(Dataset extract begins)

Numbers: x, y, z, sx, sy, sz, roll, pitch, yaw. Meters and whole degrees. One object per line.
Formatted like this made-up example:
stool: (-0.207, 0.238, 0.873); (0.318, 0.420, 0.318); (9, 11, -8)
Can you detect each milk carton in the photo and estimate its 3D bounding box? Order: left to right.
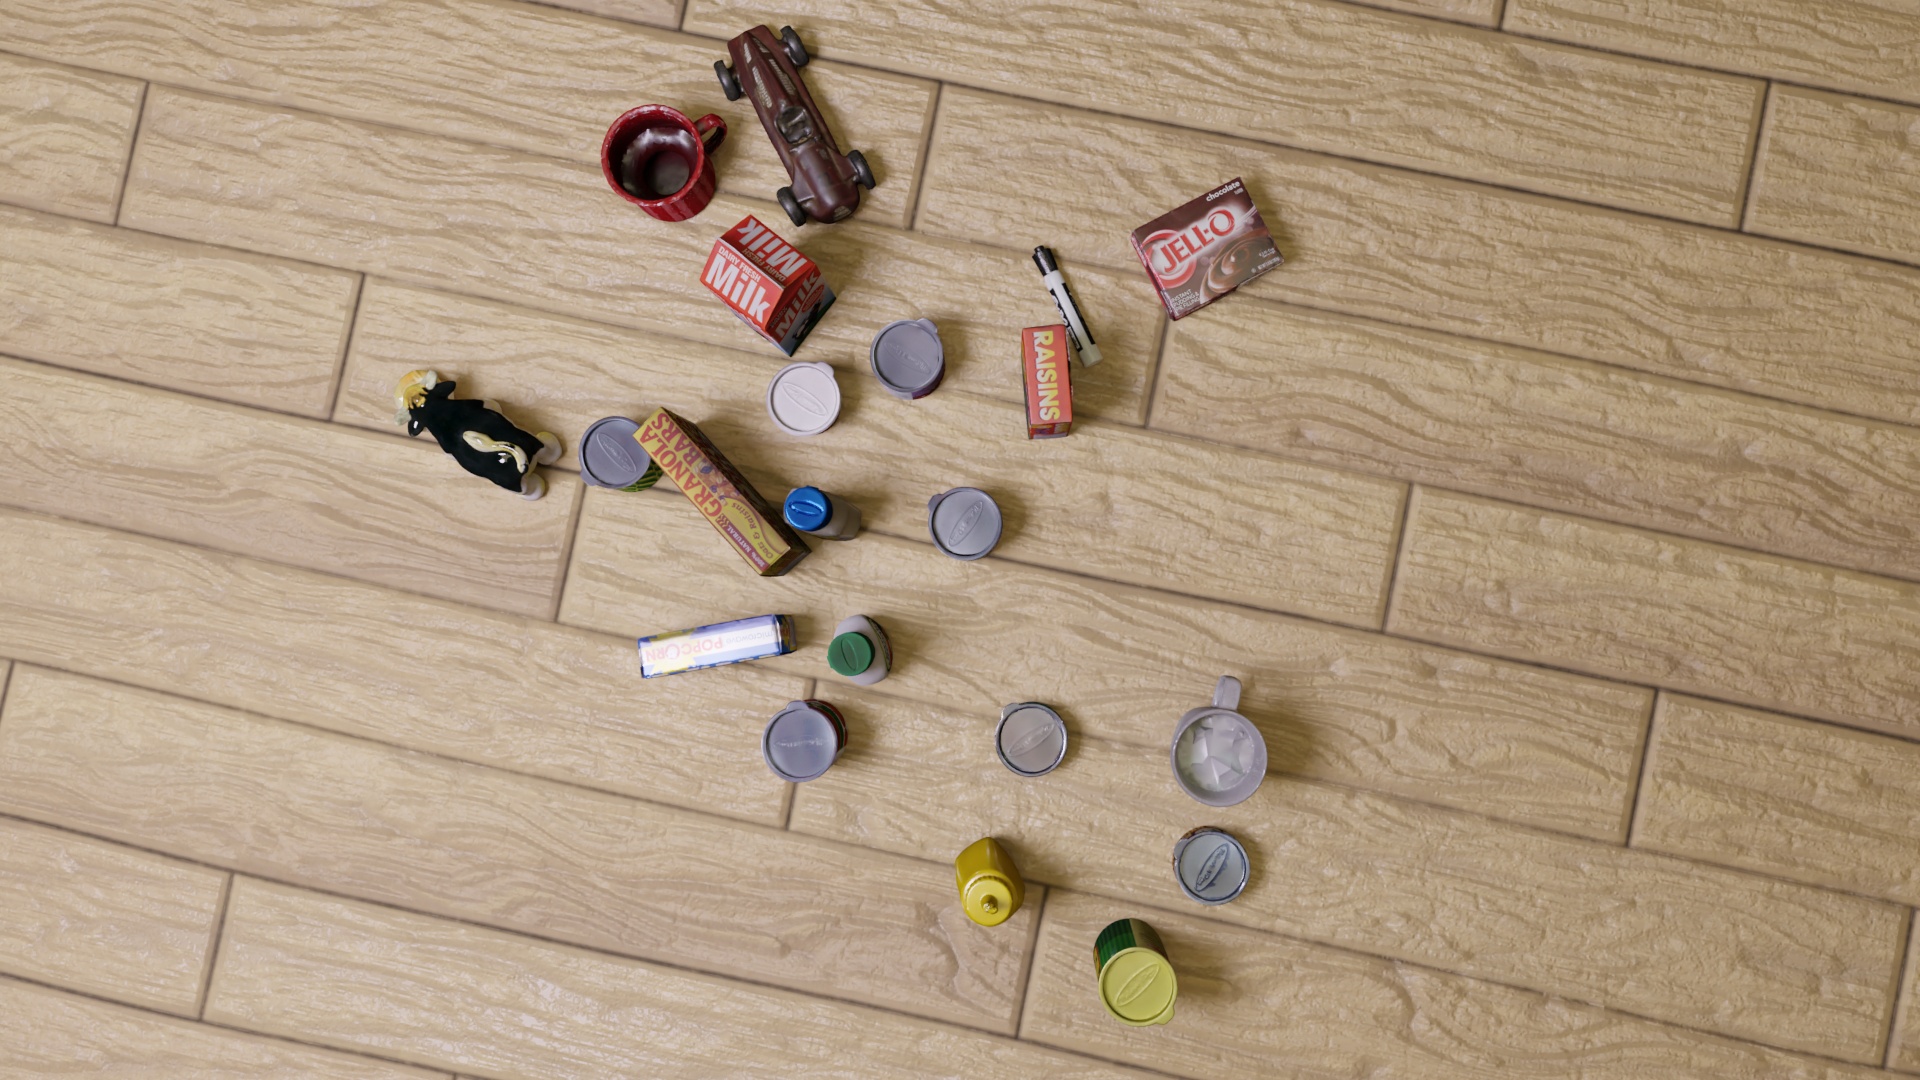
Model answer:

(Dataset extract ends)

» **Prompt**: Lines before the one containing "stool: (-0.207, 0.238, 0.873);" are not wanted; repeat that line and the rest of the listing exactly, leaving out pictures.

» **Task output**:
stool: (-0.207, 0.238, 0.873); (0.318, 0.420, 0.318); (9, 11, -8)
Can you detect each milk carton in the photo and estimate its 3D bounding box? Order: left to right.
Model answer:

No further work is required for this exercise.